Take the BlackPAC poll’s findings on candidate favorability: The poll found that candidates with the highest name recognition also have the largest favorability rating and most support. This finding tracks with other early polls of black voters, which have consistently shown Joe Biden leading the 2020 field (largely due to major support from older black voters), followed by Bernie Sanders — while far less known candidates like Pete Buttigieg trail far behind.
But the BlackPAC poll also finds that “only 3% of respondents said that the best reason to vote in 2020 is a candidate that they believe in.” This finding is worth looking into more, but it’s a telling indication that black voters this cycle may not be looking for a candidate who is the most inspirational or that they see as likeable, but are rather looking to other factors, like who they see as the most “electable” or who discusses policy issues they care about the best.
Still, the poll suggests that the coming months present an opportunity for all of the candidates to connect with black voters, which are far from a monolithic group.
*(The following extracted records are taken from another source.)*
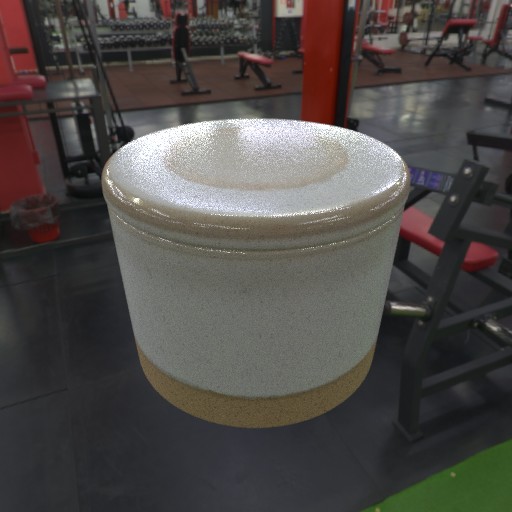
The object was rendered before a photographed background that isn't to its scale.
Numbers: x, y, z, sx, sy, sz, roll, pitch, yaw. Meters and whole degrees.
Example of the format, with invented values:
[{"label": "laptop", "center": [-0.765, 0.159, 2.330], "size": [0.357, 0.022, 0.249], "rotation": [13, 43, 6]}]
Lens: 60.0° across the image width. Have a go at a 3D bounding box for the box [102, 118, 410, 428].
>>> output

The poll specifically cites Sens. Elizabeth Warren, Kamala Harris, and Cory Booker, all of whom round out the top five candidates in the poll, as candidates with increasing support from voters closely following the news.
What black voters want has been consistent in recent elections — but candidates haven’t always addressed those concerns
As noted, many of the findings of the new BlackPAC poll track with earlier polls the group has conducted of black voters. For example, a 2018 poll conducted before the midterm elections in several battleground states found that black voters were dealing with high levels of racial anxiety, were worried about racism and discrimination, and strongly disapproved of President Trump.
The latest poll suggests that the majority of these issues have not changed. But with the 2020 election coming up, the question now is whether political candidates are aware of this and are willing to speak to the issues highlighted by black voters.
The poll shows that perhaps the best way to engage these voters is to address the issues most pressing to them, which means not just speaking about racism and white supremacy, but also having proposals to address very real racial disparities in economic access, education, and health care.
This will be especially important in mobilizing groups of younger black voters, whom the BlackPAC poll finds are less likely to identify as staunch Democrats. Black pollsters see them as swing voters that must be persuaded to support a candidate.
While almost all of its survey is focused on the election, BlackPAC also notes that black civic engagement in 2020 isn’t just about voting; it includes participation in the 2020 Census, for example. The poll finds that young black voters and black immigrants in particular are less engaged on this kind of civic participation.
For many black voters, 2020 is more than an election, it’s an opportunity to increase black political power and influence. The Democratic candidates who recognize this, BlackPAC’s poll suggests, stand the best chance of making big gains among black voters in the future.